Went out to my old stpomping grounds and was done by 9:30 Found alot more birds than I could shot. There was alot more land posted this year.

Is that a Griffon?


----------



## fryerjj (Jul 15, 2009)

Shot this four man limit by 10:00 A.M. We saw lots of birds, although it was hard to tell young roosters apart from hens. Anyways, it was a fun day to be out.


----------



## Sparky477 (May 4, 2004)

My regular hunting buddy has the flu, so I went out by myself this morning. Had my three birds in about an hour and a half. Cold and windy but there were plenty of birds around.


----------



## indsport (Aug 29, 2003)

Felt more like deer opener than pheasant opener. Saw few roosters , but did get two my two year old dog flushed close by. After walking with the wife for another three fields with sloughs, and seeing few birds none within range and the weather, called it a day by 11 am. As expected, its going to be one tough year but will go out the next two days to hit some other areas.


----------



## wburns (Feb 27, 2009)

Did not see near the birds like last year. Looks like the hatch must be spotty. We got our birds, but saw way fewer than usual. Still it was a lot of fun.


----------



## Dick Monson (Aug 12, 2002)

wb, that picture is a work of art, great composition!


----------



## perch head (Jul 6, 2005)

Great Picture.


----------



## wburns (Feb 27, 2009)

Thanks guys! I enjoy taking pictures of my hunts. I think anymore I almost like that aspect as much as the hunt itself. Below are a couple more shots from the last two weeks.
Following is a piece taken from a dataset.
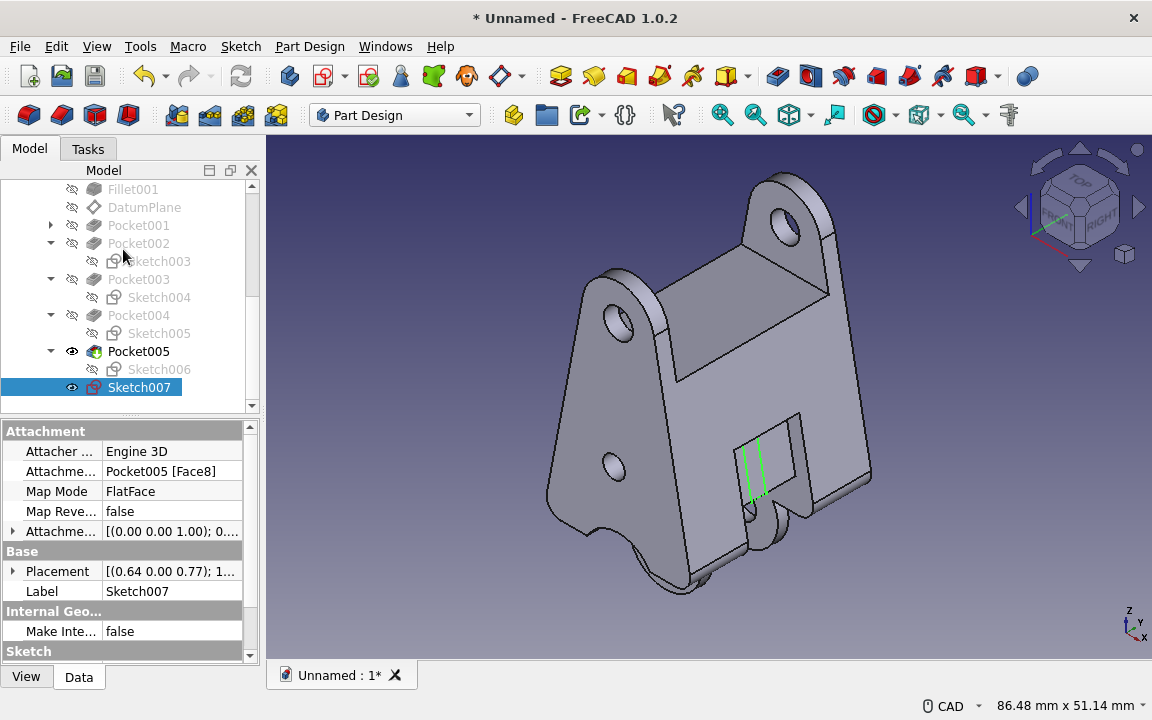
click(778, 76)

First bird I have ever taken with my "new" Richard hammer gun. I took this photo on Sunday opener weekend at my farm.









sharptail from two weeks ago while in the western part of the state.


----------



## meathunter1 (Oct 25, 2006)

Awesome pics. You should submit them to Grant's Sporting Journal. They are in that league.

Thanks for posting them!


----------



## ej4prmc (Dec 3, 2004)

Vernon.Miller said:


> Went out to my old stpomping grounds and was done by 9:30 Found alot more birds than I could shot. There was alot more land posted this year.


*Vizsla?*


----------



## deacon (Sep 12, 2003)

wburns,

those are awesome picture! Nothing better than pictures of the hunt while in the field.


----------



## HUNTNFISHND (Mar 16, 2004)

I agree, nice pics. :beer:

I was too busy trying to get the skunk smell off the dog to take any photos. uke:


----------